Metaphysik: Die Natur der Realität
Es gibt drei wesentliche Ansätze zur Natur der Realität:
- Materialismus: Die Wirklichkeit ist rein materiell.
- Idealismus: Die Wirklichkeit ist geistiger Natur.
- Dualismus: Es existiert sowohl eine materielle als auch eine geistige Wirklichkeit.
Skepsis und der kartesische Zweifel
Die Skepsis argumentiert, dass kein Wissen über die Welt mit absoluter Sicherheit festgestellt werden kann.
Der kartesische Zweifel unterstützt die These, dass wir an allem Wissen zweifeln können:
- Zweifel an den Sinnen: Unsere Sinne können uns täuschen (z. B. optische Täuschungen wie ein im Wasser gebrochen wirkender Stab).

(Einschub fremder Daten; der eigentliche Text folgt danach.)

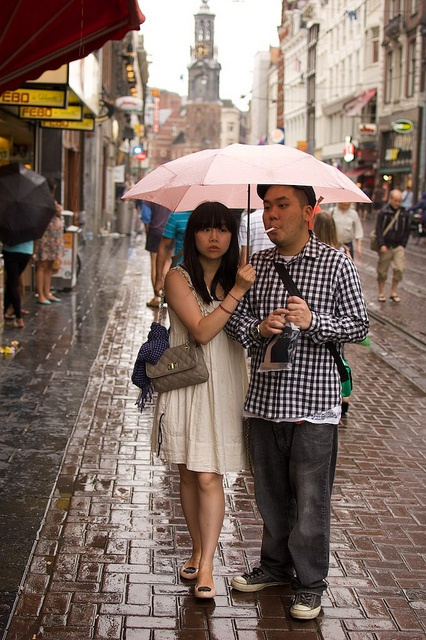Describe the objects in this image and their specific colors. I can see people in maroon, black, gray, and darkgray tones, people in maroon, black, gray, and darkgray tones, umbrella in maroon, lightgray, lightpink, pink, and gray tones, handbag in maroon, black, and gray tones, and umbrella in maroon, black, and gray tones in this image. 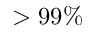<formula> <loc_0><loc_0><loc_500><loc_500>> 9 9 \%</formula> 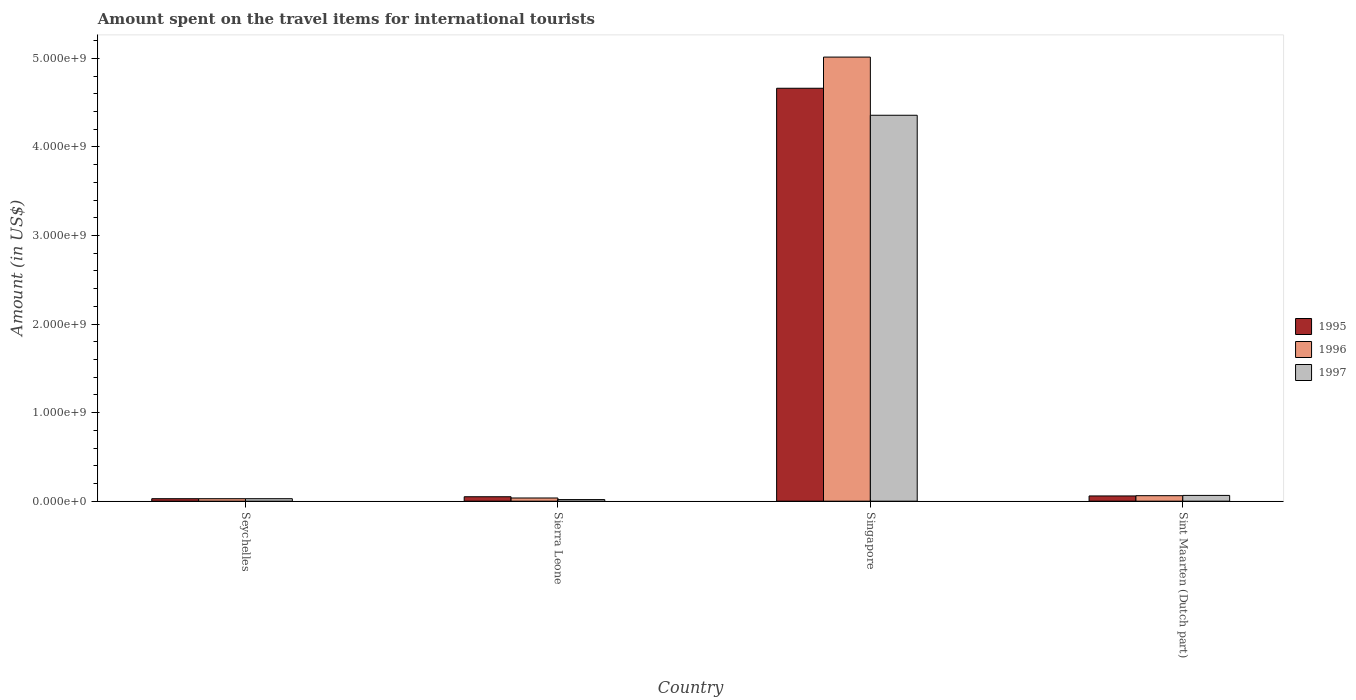How many bars are there on the 3rd tick from the left?
Offer a terse response. 3. What is the label of the 2nd group of bars from the left?
Offer a very short reply. Sierra Leone. What is the amount spent on the travel items for international tourists in 1996 in Sint Maarten (Dutch part)?
Provide a short and direct response. 6.20e+07. Across all countries, what is the maximum amount spent on the travel items for international tourists in 1996?
Offer a terse response. 5.02e+09. Across all countries, what is the minimum amount spent on the travel items for international tourists in 1996?
Keep it short and to the point. 2.80e+07. In which country was the amount spent on the travel items for international tourists in 1995 maximum?
Provide a succinct answer. Singapore. In which country was the amount spent on the travel items for international tourists in 1996 minimum?
Make the answer very short. Seychelles. What is the total amount spent on the travel items for international tourists in 1995 in the graph?
Make the answer very short. 4.80e+09. What is the difference between the amount spent on the travel items for international tourists in 1996 in Sierra Leone and that in Singapore?
Your answer should be very brief. -4.98e+09. What is the difference between the amount spent on the travel items for international tourists in 1997 in Sint Maarten (Dutch part) and the amount spent on the travel items for international tourists in 1995 in Seychelles?
Offer a terse response. 3.70e+07. What is the average amount spent on the travel items for international tourists in 1996 per country?
Your answer should be compact. 1.29e+09. What is the difference between the amount spent on the travel items for international tourists of/in 1995 and amount spent on the travel items for international tourists of/in 1997 in Singapore?
Give a very brief answer. 3.05e+08. In how many countries, is the amount spent on the travel items for international tourists in 1996 greater than 2400000000 US$?
Keep it short and to the point. 1. What is the ratio of the amount spent on the travel items for international tourists in 1997 in Seychelles to that in Sint Maarten (Dutch part)?
Provide a short and direct response. 0.43. What is the difference between the highest and the second highest amount spent on the travel items for international tourists in 1996?
Provide a succinct answer. 4.98e+09. What is the difference between the highest and the lowest amount spent on the travel items for international tourists in 1997?
Ensure brevity in your answer.  4.34e+09. In how many countries, is the amount spent on the travel items for international tourists in 1997 greater than the average amount spent on the travel items for international tourists in 1997 taken over all countries?
Your response must be concise. 1. Is the sum of the amount spent on the travel items for international tourists in 1997 in Seychelles and Singapore greater than the maximum amount spent on the travel items for international tourists in 1995 across all countries?
Keep it short and to the point. No. What does the 1st bar from the right in Sint Maarten (Dutch part) represents?
Offer a very short reply. 1997. Is it the case that in every country, the sum of the amount spent on the travel items for international tourists in 1997 and amount spent on the travel items for international tourists in 1995 is greater than the amount spent on the travel items for international tourists in 1996?
Your response must be concise. Yes. Are all the bars in the graph horizontal?
Offer a very short reply. No. How many countries are there in the graph?
Offer a terse response. 4. Does the graph contain grids?
Give a very brief answer. No. Where does the legend appear in the graph?
Give a very brief answer. Center right. How many legend labels are there?
Give a very brief answer. 3. How are the legend labels stacked?
Provide a short and direct response. Vertical. What is the title of the graph?
Your answer should be very brief. Amount spent on the travel items for international tourists. Does "1974" appear as one of the legend labels in the graph?
Offer a terse response. No. What is the label or title of the Y-axis?
Make the answer very short. Amount (in US$). What is the Amount (in US$) in 1995 in Seychelles?
Ensure brevity in your answer.  2.80e+07. What is the Amount (in US$) in 1996 in Seychelles?
Provide a short and direct response. 2.80e+07. What is the Amount (in US$) of 1997 in Seychelles?
Give a very brief answer. 2.80e+07. What is the Amount (in US$) in 1995 in Sierra Leone?
Your answer should be compact. 5.00e+07. What is the Amount (in US$) in 1996 in Sierra Leone?
Ensure brevity in your answer.  3.60e+07. What is the Amount (in US$) in 1997 in Sierra Leone?
Provide a succinct answer. 1.80e+07. What is the Amount (in US$) in 1995 in Singapore?
Your response must be concise. 4.66e+09. What is the Amount (in US$) in 1996 in Singapore?
Provide a succinct answer. 5.02e+09. What is the Amount (in US$) in 1997 in Singapore?
Give a very brief answer. 4.36e+09. What is the Amount (in US$) of 1995 in Sint Maarten (Dutch part)?
Make the answer very short. 5.90e+07. What is the Amount (in US$) of 1996 in Sint Maarten (Dutch part)?
Your answer should be compact. 6.20e+07. What is the Amount (in US$) in 1997 in Sint Maarten (Dutch part)?
Make the answer very short. 6.50e+07. Across all countries, what is the maximum Amount (in US$) of 1995?
Offer a terse response. 4.66e+09. Across all countries, what is the maximum Amount (in US$) of 1996?
Your response must be concise. 5.02e+09. Across all countries, what is the maximum Amount (in US$) in 1997?
Your response must be concise. 4.36e+09. Across all countries, what is the minimum Amount (in US$) in 1995?
Make the answer very short. 2.80e+07. Across all countries, what is the minimum Amount (in US$) in 1996?
Ensure brevity in your answer.  2.80e+07. Across all countries, what is the minimum Amount (in US$) of 1997?
Your answer should be compact. 1.80e+07. What is the total Amount (in US$) of 1995 in the graph?
Make the answer very short. 4.80e+09. What is the total Amount (in US$) of 1996 in the graph?
Offer a terse response. 5.14e+09. What is the total Amount (in US$) in 1997 in the graph?
Your answer should be very brief. 4.47e+09. What is the difference between the Amount (in US$) in 1995 in Seychelles and that in Sierra Leone?
Offer a very short reply. -2.20e+07. What is the difference between the Amount (in US$) in 1996 in Seychelles and that in Sierra Leone?
Your answer should be compact. -8.00e+06. What is the difference between the Amount (in US$) in 1997 in Seychelles and that in Sierra Leone?
Make the answer very short. 1.00e+07. What is the difference between the Amount (in US$) in 1995 in Seychelles and that in Singapore?
Your answer should be very brief. -4.64e+09. What is the difference between the Amount (in US$) in 1996 in Seychelles and that in Singapore?
Make the answer very short. -4.99e+09. What is the difference between the Amount (in US$) in 1997 in Seychelles and that in Singapore?
Your answer should be very brief. -4.33e+09. What is the difference between the Amount (in US$) of 1995 in Seychelles and that in Sint Maarten (Dutch part)?
Offer a terse response. -3.10e+07. What is the difference between the Amount (in US$) in 1996 in Seychelles and that in Sint Maarten (Dutch part)?
Provide a succinct answer. -3.40e+07. What is the difference between the Amount (in US$) of 1997 in Seychelles and that in Sint Maarten (Dutch part)?
Your answer should be compact. -3.70e+07. What is the difference between the Amount (in US$) of 1995 in Sierra Leone and that in Singapore?
Make the answer very short. -4.61e+09. What is the difference between the Amount (in US$) of 1996 in Sierra Leone and that in Singapore?
Offer a very short reply. -4.98e+09. What is the difference between the Amount (in US$) of 1997 in Sierra Leone and that in Singapore?
Ensure brevity in your answer.  -4.34e+09. What is the difference between the Amount (in US$) of 1995 in Sierra Leone and that in Sint Maarten (Dutch part)?
Provide a short and direct response. -9.00e+06. What is the difference between the Amount (in US$) of 1996 in Sierra Leone and that in Sint Maarten (Dutch part)?
Your response must be concise. -2.60e+07. What is the difference between the Amount (in US$) in 1997 in Sierra Leone and that in Sint Maarten (Dutch part)?
Give a very brief answer. -4.70e+07. What is the difference between the Amount (in US$) in 1995 in Singapore and that in Sint Maarten (Dutch part)?
Provide a succinct answer. 4.60e+09. What is the difference between the Amount (in US$) of 1996 in Singapore and that in Sint Maarten (Dutch part)?
Provide a short and direct response. 4.95e+09. What is the difference between the Amount (in US$) in 1997 in Singapore and that in Sint Maarten (Dutch part)?
Ensure brevity in your answer.  4.29e+09. What is the difference between the Amount (in US$) of 1995 in Seychelles and the Amount (in US$) of 1996 in Sierra Leone?
Offer a very short reply. -8.00e+06. What is the difference between the Amount (in US$) in 1995 in Seychelles and the Amount (in US$) in 1997 in Sierra Leone?
Ensure brevity in your answer.  1.00e+07. What is the difference between the Amount (in US$) in 1995 in Seychelles and the Amount (in US$) in 1996 in Singapore?
Your answer should be compact. -4.99e+09. What is the difference between the Amount (in US$) in 1995 in Seychelles and the Amount (in US$) in 1997 in Singapore?
Provide a succinct answer. -4.33e+09. What is the difference between the Amount (in US$) of 1996 in Seychelles and the Amount (in US$) of 1997 in Singapore?
Keep it short and to the point. -4.33e+09. What is the difference between the Amount (in US$) of 1995 in Seychelles and the Amount (in US$) of 1996 in Sint Maarten (Dutch part)?
Your answer should be compact. -3.40e+07. What is the difference between the Amount (in US$) of 1995 in Seychelles and the Amount (in US$) of 1997 in Sint Maarten (Dutch part)?
Offer a very short reply. -3.70e+07. What is the difference between the Amount (in US$) of 1996 in Seychelles and the Amount (in US$) of 1997 in Sint Maarten (Dutch part)?
Your answer should be very brief. -3.70e+07. What is the difference between the Amount (in US$) of 1995 in Sierra Leone and the Amount (in US$) of 1996 in Singapore?
Your answer should be compact. -4.96e+09. What is the difference between the Amount (in US$) in 1995 in Sierra Leone and the Amount (in US$) in 1997 in Singapore?
Your response must be concise. -4.31e+09. What is the difference between the Amount (in US$) in 1996 in Sierra Leone and the Amount (in US$) in 1997 in Singapore?
Your answer should be very brief. -4.32e+09. What is the difference between the Amount (in US$) of 1995 in Sierra Leone and the Amount (in US$) of 1996 in Sint Maarten (Dutch part)?
Your answer should be very brief. -1.20e+07. What is the difference between the Amount (in US$) in 1995 in Sierra Leone and the Amount (in US$) in 1997 in Sint Maarten (Dutch part)?
Offer a very short reply. -1.50e+07. What is the difference between the Amount (in US$) of 1996 in Sierra Leone and the Amount (in US$) of 1997 in Sint Maarten (Dutch part)?
Your answer should be compact. -2.90e+07. What is the difference between the Amount (in US$) of 1995 in Singapore and the Amount (in US$) of 1996 in Sint Maarten (Dutch part)?
Your answer should be very brief. 4.60e+09. What is the difference between the Amount (in US$) of 1995 in Singapore and the Amount (in US$) of 1997 in Sint Maarten (Dutch part)?
Ensure brevity in your answer.  4.60e+09. What is the difference between the Amount (in US$) of 1996 in Singapore and the Amount (in US$) of 1997 in Sint Maarten (Dutch part)?
Offer a very short reply. 4.95e+09. What is the average Amount (in US$) of 1995 per country?
Your answer should be compact. 1.20e+09. What is the average Amount (in US$) of 1996 per country?
Provide a succinct answer. 1.29e+09. What is the average Amount (in US$) of 1997 per country?
Your answer should be compact. 1.12e+09. What is the difference between the Amount (in US$) of 1995 and Amount (in US$) of 1997 in Seychelles?
Keep it short and to the point. 0. What is the difference between the Amount (in US$) in 1996 and Amount (in US$) in 1997 in Seychelles?
Make the answer very short. 0. What is the difference between the Amount (in US$) of 1995 and Amount (in US$) of 1996 in Sierra Leone?
Provide a short and direct response. 1.40e+07. What is the difference between the Amount (in US$) of 1995 and Amount (in US$) of 1997 in Sierra Leone?
Make the answer very short. 3.20e+07. What is the difference between the Amount (in US$) of 1996 and Amount (in US$) of 1997 in Sierra Leone?
Offer a terse response. 1.80e+07. What is the difference between the Amount (in US$) in 1995 and Amount (in US$) in 1996 in Singapore?
Ensure brevity in your answer.  -3.52e+08. What is the difference between the Amount (in US$) of 1995 and Amount (in US$) of 1997 in Singapore?
Provide a short and direct response. 3.05e+08. What is the difference between the Amount (in US$) in 1996 and Amount (in US$) in 1997 in Singapore?
Your answer should be very brief. 6.57e+08. What is the difference between the Amount (in US$) in 1995 and Amount (in US$) in 1997 in Sint Maarten (Dutch part)?
Offer a terse response. -6.00e+06. What is the ratio of the Amount (in US$) of 1995 in Seychelles to that in Sierra Leone?
Provide a short and direct response. 0.56. What is the ratio of the Amount (in US$) in 1996 in Seychelles to that in Sierra Leone?
Provide a succinct answer. 0.78. What is the ratio of the Amount (in US$) in 1997 in Seychelles to that in Sierra Leone?
Your response must be concise. 1.56. What is the ratio of the Amount (in US$) of 1995 in Seychelles to that in Singapore?
Offer a very short reply. 0.01. What is the ratio of the Amount (in US$) in 1996 in Seychelles to that in Singapore?
Your answer should be compact. 0.01. What is the ratio of the Amount (in US$) in 1997 in Seychelles to that in Singapore?
Your answer should be compact. 0.01. What is the ratio of the Amount (in US$) in 1995 in Seychelles to that in Sint Maarten (Dutch part)?
Make the answer very short. 0.47. What is the ratio of the Amount (in US$) in 1996 in Seychelles to that in Sint Maarten (Dutch part)?
Your response must be concise. 0.45. What is the ratio of the Amount (in US$) in 1997 in Seychelles to that in Sint Maarten (Dutch part)?
Your answer should be compact. 0.43. What is the ratio of the Amount (in US$) in 1995 in Sierra Leone to that in Singapore?
Keep it short and to the point. 0.01. What is the ratio of the Amount (in US$) of 1996 in Sierra Leone to that in Singapore?
Your response must be concise. 0.01. What is the ratio of the Amount (in US$) of 1997 in Sierra Leone to that in Singapore?
Provide a succinct answer. 0. What is the ratio of the Amount (in US$) in 1995 in Sierra Leone to that in Sint Maarten (Dutch part)?
Provide a succinct answer. 0.85. What is the ratio of the Amount (in US$) in 1996 in Sierra Leone to that in Sint Maarten (Dutch part)?
Offer a terse response. 0.58. What is the ratio of the Amount (in US$) in 1997 in Sierra Leone to that in Sint Maarten (Dutch part)?
Keep it short and to the point. 0.28. What is the ratio of the Amount (in US$) in 1995 in Singapore to that in Sint Maarten (Dutch part)?
Make the answer very short. 79.03. What is the ratio of the Amount (in US$) in 1996 in Singapore to that in Sint Maarten (Dutch part)?
Provide a succinct answer. 80.89. What is the ratio of the Amount (in US$) of 1997 in Singapore to that in Sint Maarten (Dutch part)?
Offer a very short reply. 67.05. What is the difference between the highest and the second highest Amount (in US$) in 1995?
Your response must be concise. 4.60e+09. What is the difference between the highest and the second highest Amount (in US$) of 1996?
Your response must be concise. 4.95e+09. What is the difference between the highest and the second highest Amount (in US$) of 1997?
Your response must be concise. 4.29e+09. What is the difference between the highest and the lowest Amount (in US$) of 1995?
Ensure brevity in your answer.  4.64e+09. What is the difference between the highest and the lowest Amount (in US$) of 1996?
Ensure brevity in your answer.  4.99e+09. What is the difference between the highest and the lowest Amount (in US$) in 1997?
Ensure brevity in your answer.  4.34e+09.

- Traum-Argument: Wie können wir sicher sein, dass wir nicht träumen?
- Zweifel an mathematischen Wahrheiten: Descartes erkennt zwar, dass ein Quadrat vier Seiten hat, führt jedoch die Figur des „bösen Dämons“ ein, der uns täuschen könnte.
Quellen des Wissens
Rationalismus
Rationalisten betrachten den Denkprozess und die Logik als einzige zuverlässige Erkenntnisquelle:
- Die Geometrie dient als Modell für authentische Erkenntnis durch logische Argumentation.
- Informationen aus der Sinneswahrnehmung werden misstrauisch betrachtet.
- Angeborene Ideen: Der Mensch besitzt Ideen (z. B. Unendlichkeit oder Gott), die nicht aus der Außenwelt abgeleitet, sondern angeboren sind.
Empirismus
Empiristen behaupten, dass alles Wissen auf Informationen durch die Sinne beruht:
- Wissen basiert auf externer Erfahrung und Wahrnehmung.
- Es gibt keine angeborenen Ideen.
- David Hume hinterfragte die klassischen Ideen der Metaphysik, was zu einer rationalistischen Skepsis führt.
Kants Synthese: A priori
Nach Immanuel Kant beginnt alle Erkenntnis mit der Erfahrung, aber nicht alles Wissen stammt aus der Erfahrung. Seine These vereint Rationalismus und Empirismus:
- Rationalismus: Nicht alles Wissen stammt allein aus der Erfahrung.
- Empirismus: Ohne Erfahrung gibt es kein Wissen.